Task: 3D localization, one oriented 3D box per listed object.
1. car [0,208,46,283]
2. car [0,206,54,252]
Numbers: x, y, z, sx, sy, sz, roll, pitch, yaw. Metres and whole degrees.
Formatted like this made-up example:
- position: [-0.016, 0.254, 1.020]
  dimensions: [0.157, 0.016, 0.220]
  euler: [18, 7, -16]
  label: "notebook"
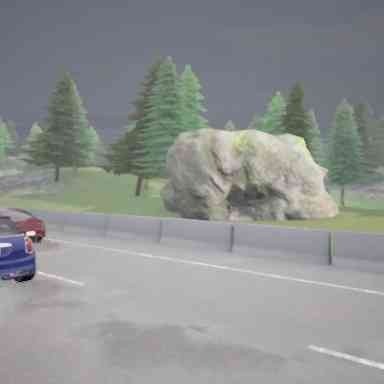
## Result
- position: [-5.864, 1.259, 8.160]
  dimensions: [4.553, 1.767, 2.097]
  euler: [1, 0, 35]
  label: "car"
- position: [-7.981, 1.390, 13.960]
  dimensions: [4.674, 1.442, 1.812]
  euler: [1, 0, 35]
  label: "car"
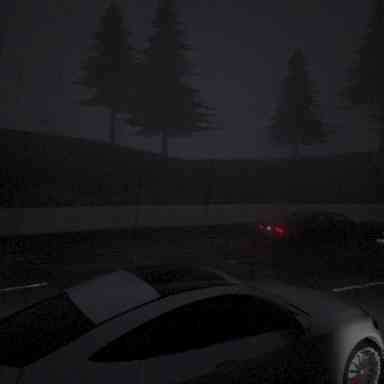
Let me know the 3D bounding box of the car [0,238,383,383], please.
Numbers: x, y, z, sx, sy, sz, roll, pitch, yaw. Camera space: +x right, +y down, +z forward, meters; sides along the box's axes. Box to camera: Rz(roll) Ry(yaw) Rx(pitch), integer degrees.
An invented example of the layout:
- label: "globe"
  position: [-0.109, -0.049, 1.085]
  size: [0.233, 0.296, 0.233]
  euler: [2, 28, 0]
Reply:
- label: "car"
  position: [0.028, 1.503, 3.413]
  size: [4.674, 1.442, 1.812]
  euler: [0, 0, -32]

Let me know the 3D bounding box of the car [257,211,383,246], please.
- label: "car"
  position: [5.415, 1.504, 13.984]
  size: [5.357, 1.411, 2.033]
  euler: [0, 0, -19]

====================

ACTIVITY:
In your copy, omit the pictures and restate every line of the data word for word.

RESULT BELOW:
Task: 3D localization, one oriented 3D box per listed object.
1. car [0,208,46,283]
2. car [0,206,54,252]
Numbers: x, y, z, sx, sy, sz, roll, pitch, yaw. Metres and whole degrees.
Formatted like this made-up example:
- position: [-0.016, 0.254, 1.020]
  dimensions: [0.157, 0.016, 0.220]
  euler: [18, 7, -16]
  label: "notebook"
## Result
- position: [-5.864, 1.259, 8.160]
  dimensions: [4.553, 1.767, 2.097]
  euler: [1, 0, 35]
  label: "car"
- position: [-7.981, 1.390, 13.960]
  dimensions: [4.674, 1.442, 1.812]
  euler: [1, 0, 35]
  label: "car"
Let me know the 3D bounding box of the car [0,238,383,383], please.
Numbers: x, y, z, sx, sy, sz, roll, pitch, yaw. Camera space: +x right, +y down, +z forward, meters; sides along the box's axes. Box to camera: Rz(roll) Ry(yaw) Rx(pitch), integer degrees.
An invented example of the layout:
- label: "globe"
  position: [-0.109, -0.049, 1.085]
  size: [0.233, 0.296, 0.233]
  euler: [2, 28, 0]
Reply:
- label: "car"
  position: [0.028, 1.503, 3.413]
  size: [4.674, 1.442, 1.812]
  euler: [0, 0, -32]

Let me know the 3D bounding box of the car [257,211,383,246], please.
- label: "car"
  position: [5.415, 1.504, 13.984]
  size: [5.357, 1.411, 2.033]
  euler: [0, 0, -19]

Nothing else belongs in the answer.